> [Data listing]
──────
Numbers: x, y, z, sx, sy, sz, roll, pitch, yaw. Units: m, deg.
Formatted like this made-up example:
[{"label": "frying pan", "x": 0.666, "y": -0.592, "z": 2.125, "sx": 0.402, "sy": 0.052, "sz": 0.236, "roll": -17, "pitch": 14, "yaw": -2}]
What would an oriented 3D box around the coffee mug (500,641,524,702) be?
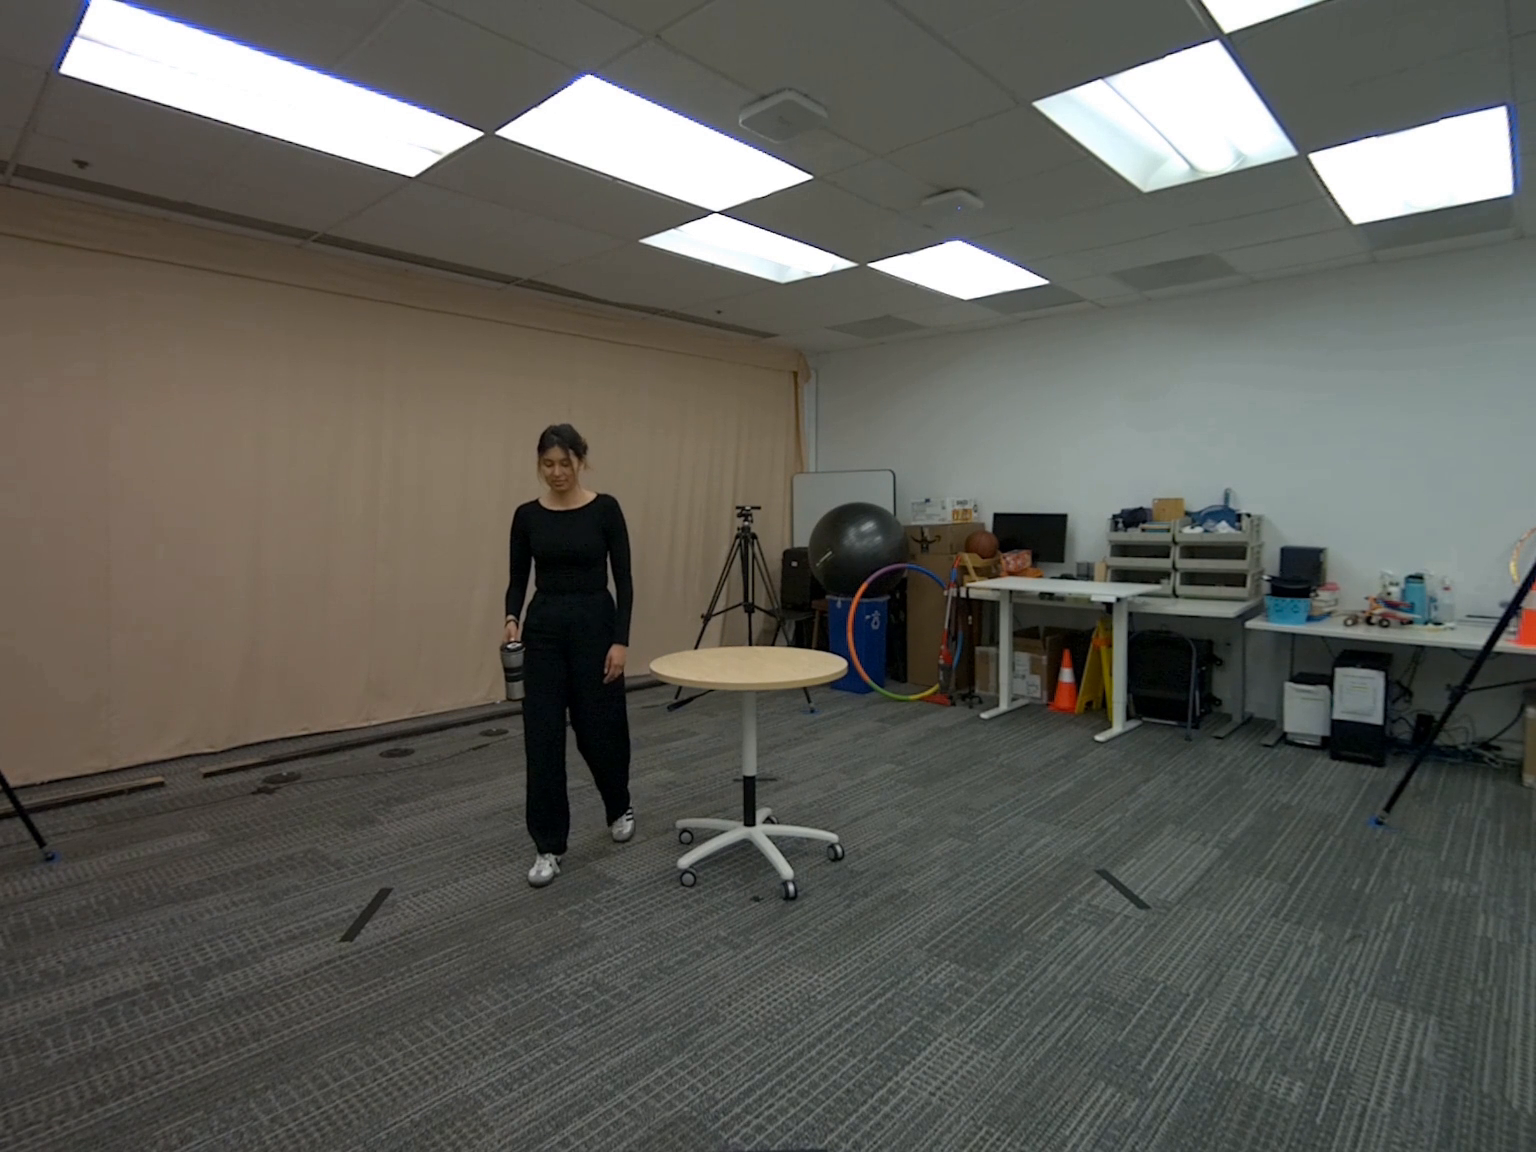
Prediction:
──────
> [Exercise] Everything in the data above should be set down again exactly, except the pictures.

> [Answer below]
Numbers: x, y, z, sx, sy, sz, roll, pitch, yaw. Units: m, deg.
Formatted like this made-up example:
[{"label": "frying pan", "x": 0.666, "y": -0.592, "z": 2.125, "sx": 0.402, "sy": 0.052, "sz": 0.236, "roll": -17, "pitch": 14, "yaw": -2}]
What would an oriented 3D box around the coffee mug (500,641,524,702) be?
Prediction:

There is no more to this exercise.